Bank payments benefit everyone in the value chain — the banks, the merchants, the consumers, the third party providers. Understanding that will unlock the kind of long-term growth to challenge the card incumbents. For example, when we first started out, we realised we were lacking a payment feature entirely. Collectively, as an industry, we came together and made that happen. The fact that we’ve done it already — and there were naysayers back then — shows that we can do it again.
Everyone involved sees the future on the horizon, but we still have a way to go.
Earlier this year, I chatted to Megan Bramlette, Director of North America & EU Payment Acceptance at Amazon, as well as Mark Bryant, Chief Payments Officer at NatWest Group. The core of the conversation was collaboration. As Mark so succinctly explained. “We [banks, merchants, TPPs] need to work together to find the right way for bank payments to succeed, on behalf of the customer.”
I’m so energised because I see the likes of NatWest going beyond what was originally mandated by PSD2, and Amazon actively working towards embedding bank payments in their checkout flow.

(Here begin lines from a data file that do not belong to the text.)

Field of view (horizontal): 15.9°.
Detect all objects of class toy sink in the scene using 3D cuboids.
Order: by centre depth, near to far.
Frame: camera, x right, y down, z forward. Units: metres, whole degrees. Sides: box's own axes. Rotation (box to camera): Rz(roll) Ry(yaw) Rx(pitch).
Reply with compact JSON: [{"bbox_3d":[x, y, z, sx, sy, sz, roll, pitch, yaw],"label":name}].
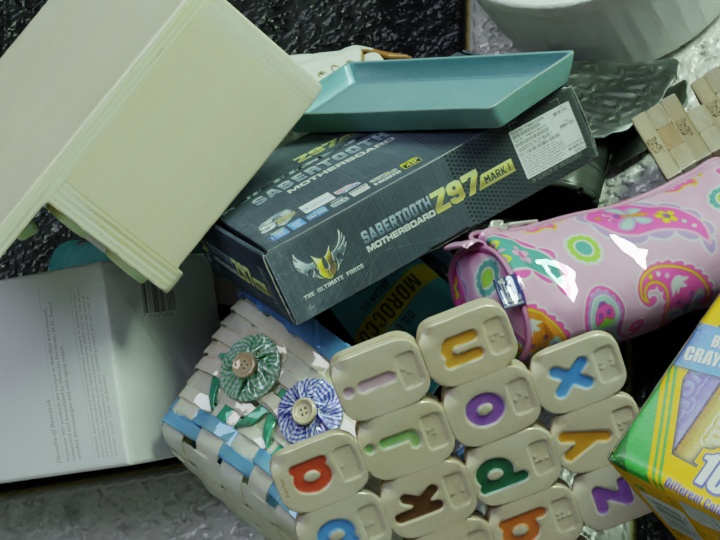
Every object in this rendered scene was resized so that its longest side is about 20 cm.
[{"bbox_3d":[-0.139,-0.071,1.435,0.200,0.112,0.130,-51,34,-1],"label":"toy sink"}]

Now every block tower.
[{"bbox_3d":[0.261,-0.111,1.503,0.200,0.054,0.058,-31,53,6],"label":"block tower"}]

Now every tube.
[{"bbox_3d":[0.000,0.000,1.575,0.078,0.050,0.200,-54,54,15],"label":"tube"}]

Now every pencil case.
[{"bbox_3d":[0.143,-0.003,1.423,0.200,0.088,0.087,-16,46,-26],"label":"pencil case"}]

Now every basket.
[{"bbox_3d":[0.003,0.069,1.469,0.176,0.139,0.200,32,68,34],"label":"basket"}]

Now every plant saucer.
[{"bbox_3d":[0.034,-0.098,1.445,0.070,0.019,0.200,-35,21,-31],"label":"plant saucer"}]

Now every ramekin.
[{"bbox_3d":[0.149,-0.221,1.599,0.200,0.098,0.201,-12,57,19],"label":"ramekin"}]

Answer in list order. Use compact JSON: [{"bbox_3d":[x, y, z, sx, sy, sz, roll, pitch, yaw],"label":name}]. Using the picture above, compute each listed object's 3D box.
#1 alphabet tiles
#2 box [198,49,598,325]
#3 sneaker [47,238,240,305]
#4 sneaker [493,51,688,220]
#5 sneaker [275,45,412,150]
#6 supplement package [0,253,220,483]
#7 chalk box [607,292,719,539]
[{"bbox_3d":[0.059,0.111,1.379,0.195,0.200,0.015,-22,28,0],"label":"alphabet tiles"},{"bbox_3d":[0.013,-0.051,1.448,0.200,0.051,0.158,-28,19,-12],"label":"box"},{"bbox_3d":[-0.109,-0.019,1.602,0.200,0.071,0.080,1,89,32],"label":"sneaker"},{"bbox_3d":[0.094,-0.086,1.572,0.199,0.060,0.104,4,62,25],"label":"sneaker"},{"bbox_3d":[-0.029,-0.105,1.564,0.085,0.200,0.073,-13,99,31],"label":"sneaker"},{"bbox_3d":[-0.195,0.064,1.544,0.200,0.121,0.120,-10,88,29],"label":"supplement package"},{"bbox_3d":[0.249,0.068,1.356,0.124,0.124,0.200,29,78,36],"label":"chalk box"}]

As Megan explained: “My job is to ensure [Amazon] customers have all payment options that meet their needs. We want to do that in the most low cost, frictionless and easy-to-use way possible. Bank payments are a part of that revolution.”
This proves everyone involved sees the future on the horizon, but we still have a way to go. One of those areas for improvement is the payment experience.
Payment experience is customer experience
During the Money2020 panel, Megan said something that I think sums up the biggest step we need to take to really unseat card payments: “In order for bank payments to take flight, the customer experience (CX) will have to be better than cards.”
Mark, looking at it from the banks’ point of view, agreed: “With bank payments, and our suite of APIs, we’re enabled to take things to market quickly, and test and learn. But at the heart of it, we need a great CX for the user.”
I think CX goes double when we’re talking about ecommerce. We’ve seen bank payments gain traction in iGaming and financial services, but ecommerce is a much bigger step, where we need to improve the experience for every use case and fill in any missing gaps.
Gone are the days when cards were a necessary part of online payments.
Take VRPs for example, which can enhance the shopping experience for merchants and consumers when it comes to recurring payments. In a YouGov survey, more than half of the respondents said they would sign up for more subscriptions if they had one easy way to cancel them.
As I said before, we’re on a journey. That journey will take more than a decade, but card payments have had 50 years to get where they are now. When you think in those terms, the pace of change for bank payments is much more exciting.
A world without cards? Or a world with more choice?
I know the title of this piece is bold. A world without cards entirely? A more reasonable prediction is that we will all have more choice. Merchants won’t need to default to cards because, despite their shortcomings, they’ve historically been the only way to give customers something approaching a good customer experience.
From the merchant's point of view, Megan believes that payment choices at checkout will be more varied: “I think the online paying experience is going to get a lot more diverse… my job is to make sure we offer the full complement of payment methods to customers in the best way possible. Bank payments are part of that, and a huge area for growth.”
So no: cards aren’t going to vanish in the blink of an eye. But don’t let that lull you into complacency. Gone are the days when cards were a necessary part of online payments. More choice and a better experience are out there. And it’s only a matter of time before people realise there’s a better way forward.